Tanque artilheiro, sou eu que miro, antes mosquete, capa e espada, vómito e fezes na estrada em redor.
4. Soneto Baleado
Tudo é dor, é tudo o que tenho que me tinge e atinge no peito, já não sangro, a bala aceito, acolho-a com um ardor estranho.
Duma agudeza, sem fim, eu venho, destroços são meu último leito nos quais, sem escolha, me deito. Perdi a aura, o meu tamanho.
Sou um cordeiro num sacrifício, um monte sujo e desfigurado, apodreço, à espera duma vala.
Foi este o meu estranho ofício, sem, jamais, o ter planeado, ser destino, fatal, duma bala.
5. Oração
À morte grito, às vezes choro, o silêncio é o que responde, é sobre si mesma que se esconde; o brado é onde me demoro.
À morte lamento, às vezes oro, o silêncio vem, não sei donde, e por mais perto que ela ronde, o uivo urge em cada poro.
Cresce a amargura, dia-a-dia, cada verso vem cheio de vazio. Insisto no verbo, não me calo.
Palavras levam-nas a maresia sem mar, oiço silêncios a fio nesta conversa em que só eu falo.
6. Sementeiras
Mãos unidas ali no presbitério, ribombar de bombas no convento; os gritos são o único lamento, um halo triste, dorido, sério.
Sementes só há no cemitério, famílias inteiras escrevem, ao vento, aos entes, poemas, sem um intento.

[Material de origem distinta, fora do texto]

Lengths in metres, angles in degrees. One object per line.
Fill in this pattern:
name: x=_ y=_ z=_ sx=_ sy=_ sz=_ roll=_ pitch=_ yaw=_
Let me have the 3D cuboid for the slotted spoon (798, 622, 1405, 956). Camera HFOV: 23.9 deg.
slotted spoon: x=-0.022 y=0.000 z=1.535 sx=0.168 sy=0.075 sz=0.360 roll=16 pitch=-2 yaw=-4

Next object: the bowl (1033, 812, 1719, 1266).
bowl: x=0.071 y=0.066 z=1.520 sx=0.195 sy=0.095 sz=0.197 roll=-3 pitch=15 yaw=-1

E esse frouxo chamado Rogério.
A natureza vive a vergonha de ter criado o monstro Homem, e o sol, a lua, as estrelas, o mar.

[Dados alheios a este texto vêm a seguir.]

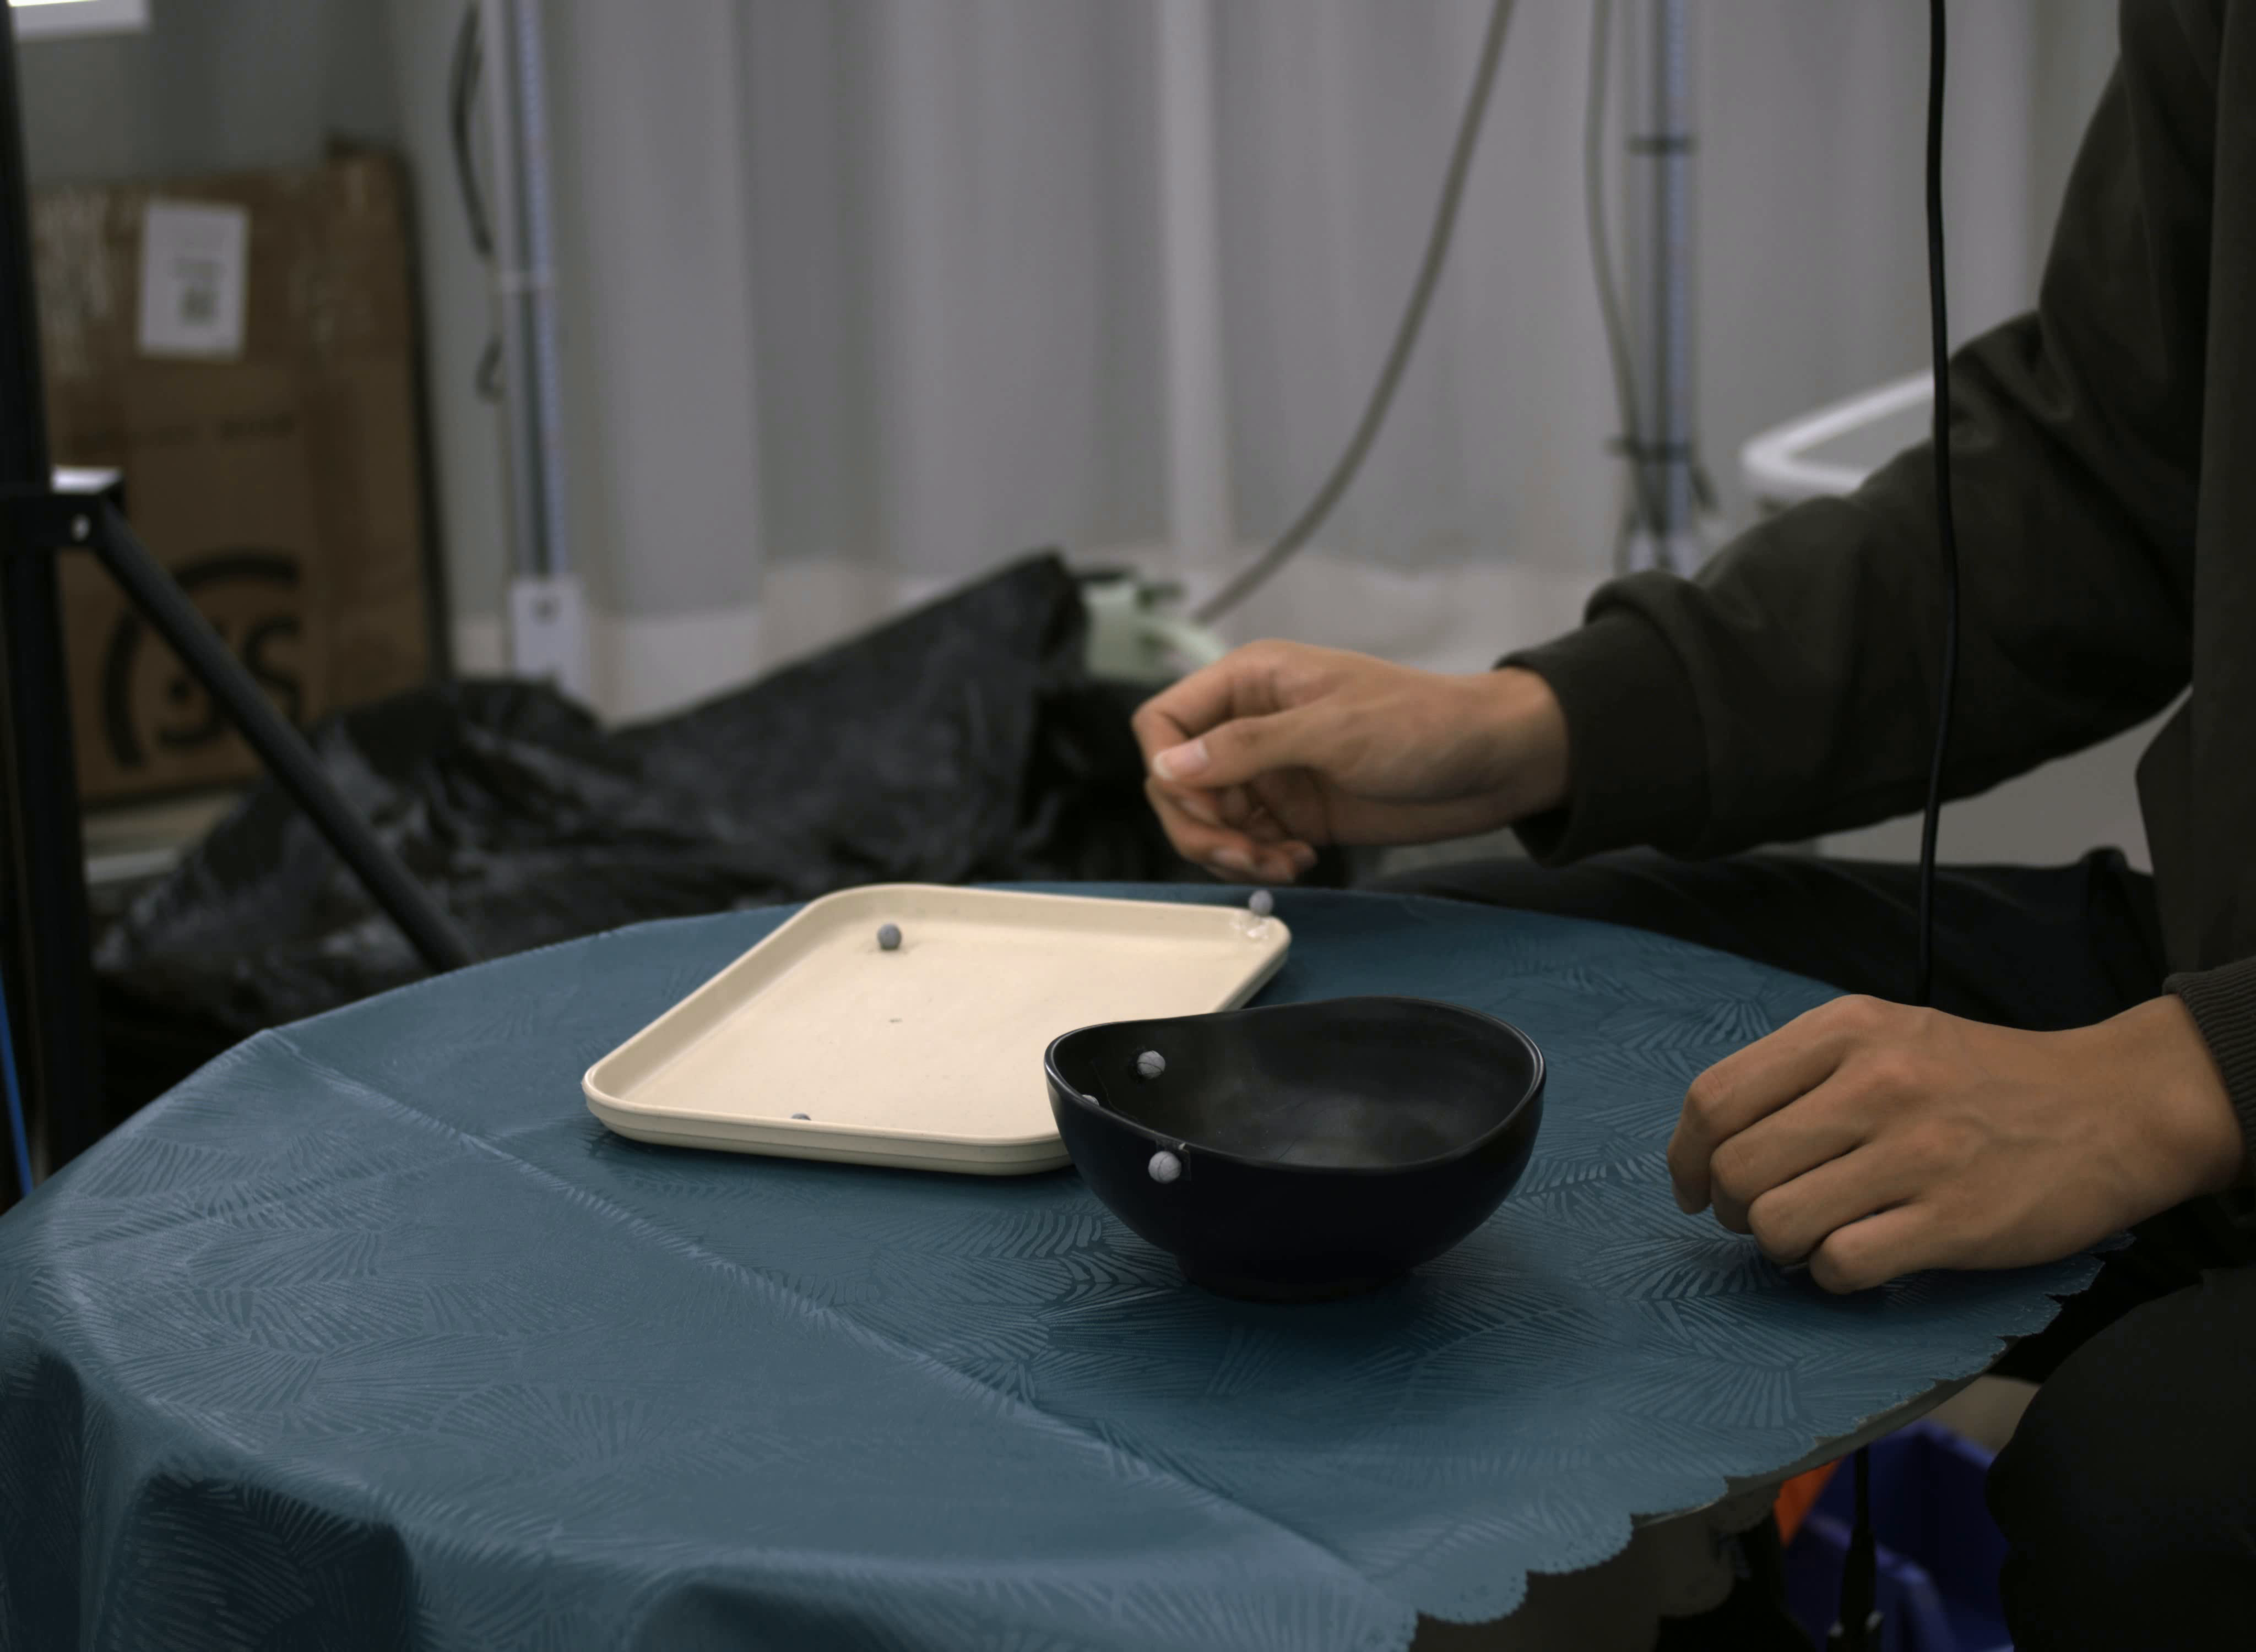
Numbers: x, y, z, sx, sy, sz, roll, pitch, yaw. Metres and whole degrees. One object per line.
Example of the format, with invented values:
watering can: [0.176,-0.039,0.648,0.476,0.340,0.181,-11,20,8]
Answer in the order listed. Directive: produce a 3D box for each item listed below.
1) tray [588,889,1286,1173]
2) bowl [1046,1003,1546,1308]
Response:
tray: [-0.056,0.064,1.692,0.173,0.017,0.237,3,17,20]
bowl: [0.046,0.095,1.488,0.135,0.067,0.173,-5,14,-16]

E toda a reza tão enfadonha que vira o mal em favor do bem, também nos salva, virá nos matar.
7. Manual de rendição
Senhor eu não sou digno desse amor, mui menos serei quem o personifica, talvez me torne em quem o explica numa escola sem vida, professor.
Apresento a rendição como penhor e espero a clemência de quem fica. Que, pela força da riqueza mais rica, se tornou um claro e justo vencedor.

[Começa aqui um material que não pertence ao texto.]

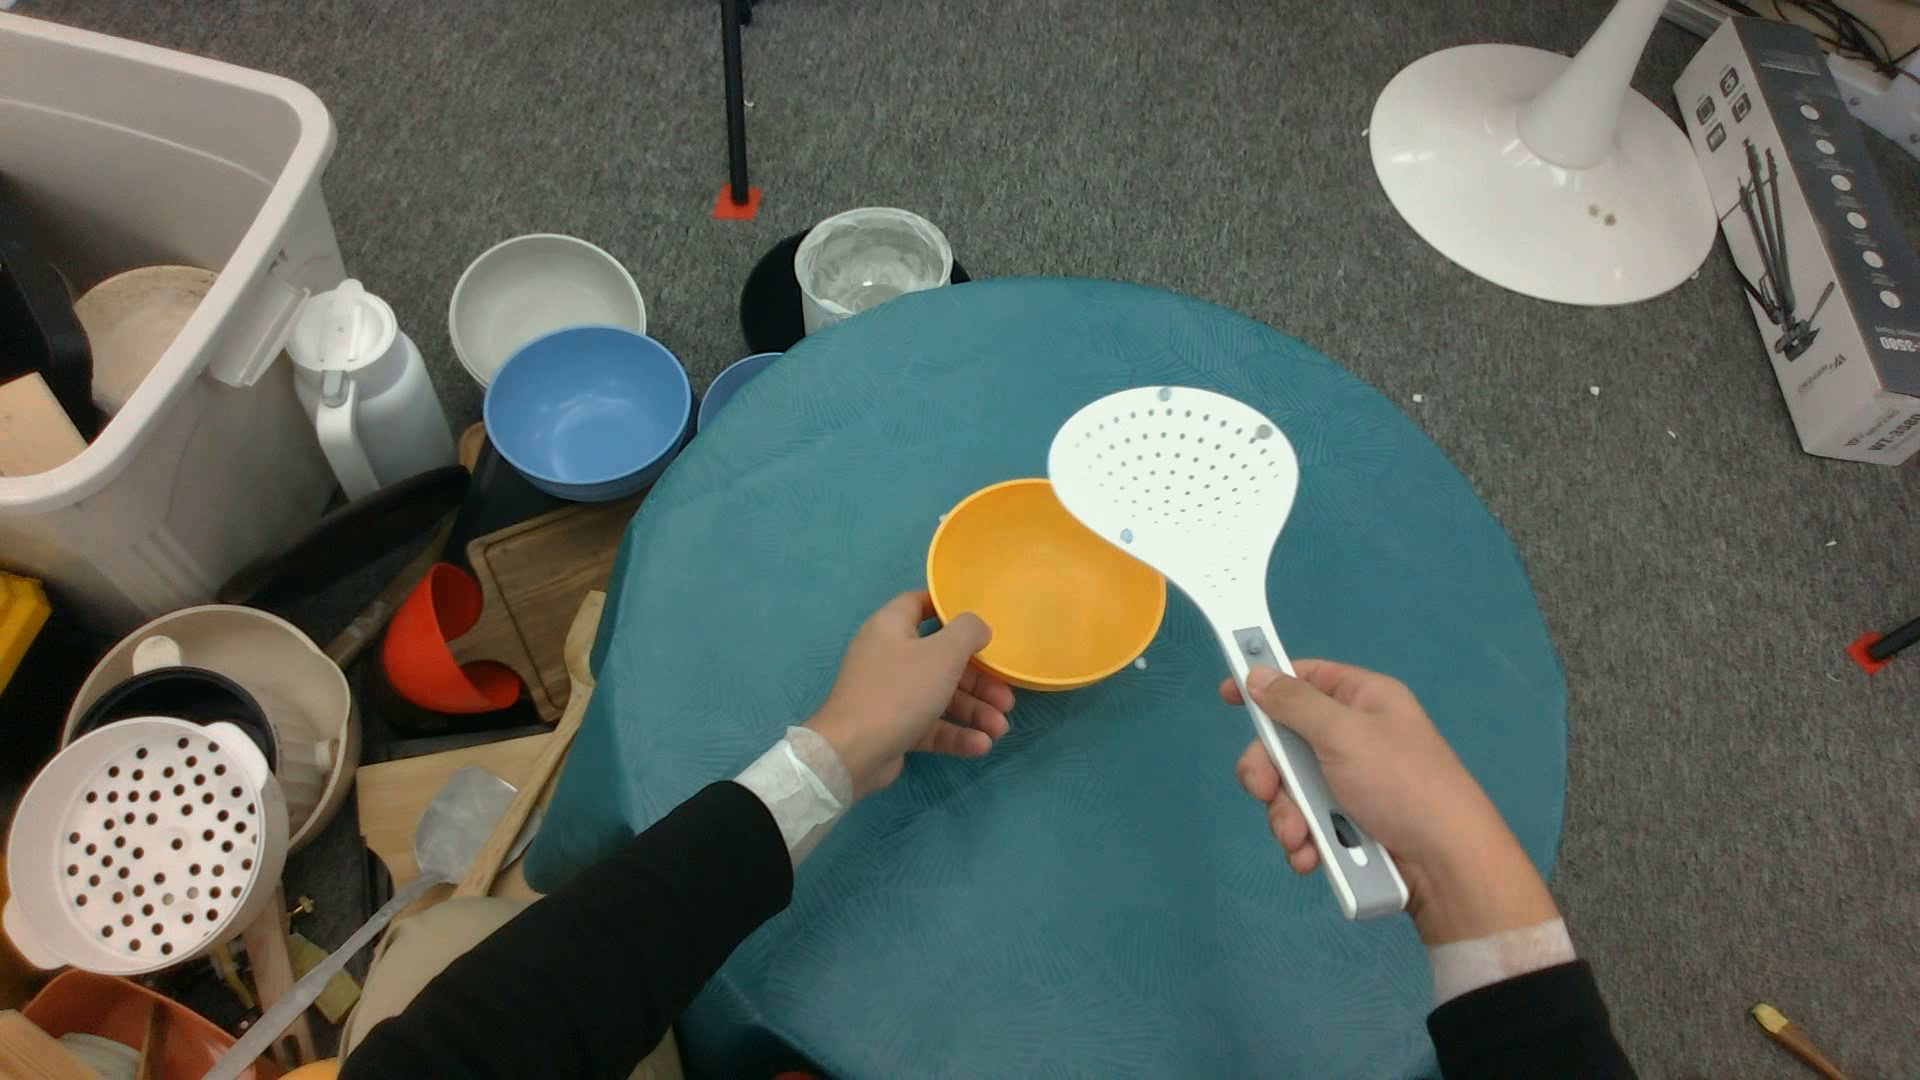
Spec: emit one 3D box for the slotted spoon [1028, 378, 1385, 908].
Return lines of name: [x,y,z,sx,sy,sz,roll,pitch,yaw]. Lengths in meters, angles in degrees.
slotted spoon: [0.129,0.031,0.692,0.136,0.045,0.351,-9,40,-8]

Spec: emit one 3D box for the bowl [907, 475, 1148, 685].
bowl: [0.038,0.034,0.840,0.145,0.060,0.146,3,55,-5]

Esteja atento a essa má justiça que, por agora, lhe dá a vitória. Levanto os braços perante a morte
sem ser a minha única premissa, talvez o virar desta história. O futuro, ter, do azar, a sorte.
8. Esconderijo
Camuflei-me como um camaleão escondido em vil território, disfarçado de outro simplório. Sou o sem cidade, sou um só vilão.
De arma em riste tenho canhão à distância de um acessório, camuflado de sorriso ilusório, tenho as mil e uma armas dum espião.
A morte crua é a minha cena, do teatro sou um actor e encenador e, deste acto, dito o pior ensaio.
A minha deixa tem forma pequena, deixo a morte ser o apresentador. P'la porta dos fundos, enfim, eu saio.
9. Estará perto?
Entre rixas antigas e metais raros, senhores que fazem negociatas, que não são platinas, ouros, pratas, os pobres, de tão pobres, saem caros.
Apostam as fichas todas, sem reparos, no sangue jovem; reles sociopatas... Metais raros como bairros de latas, memórias, traumas tão baços e claros.
Trampa na trompeta, só arabescos, petróleo e gás entram em todas as contas. Afinal até Chernobyl interessa
e todos os contratos fofos e frescos assinados a sangue e afrontas. Com (des)interesses o fogo cessa.
10. Os sem juiz
Não sei como fechar a parte sete, que poema me chama a clausura, que o pó de terra veda a sepultura que em cada vida se intromete.
Tentei fel e lodo, tudo que infecte e pele cheia de pus, amargura, um nada de luto e dor da mais pura, catanas cirúrgicas como estilete...
Não sei como acabar a sétima parte, em que poço mergulhar, o que fazer... Pareço um louco que o mesmo sempre diz,
sem sentido, sem vertigem, nem arte. Enquanto outros se entretêm a morrer. Os sem juízo, sem culpa, sem juiz.
Estes sonetos foram feitos com a colaboração do meu alter-coiso cheiramázedo, como comentários a outros. A eles o meu muito obrigado, ao outro estúpido, não.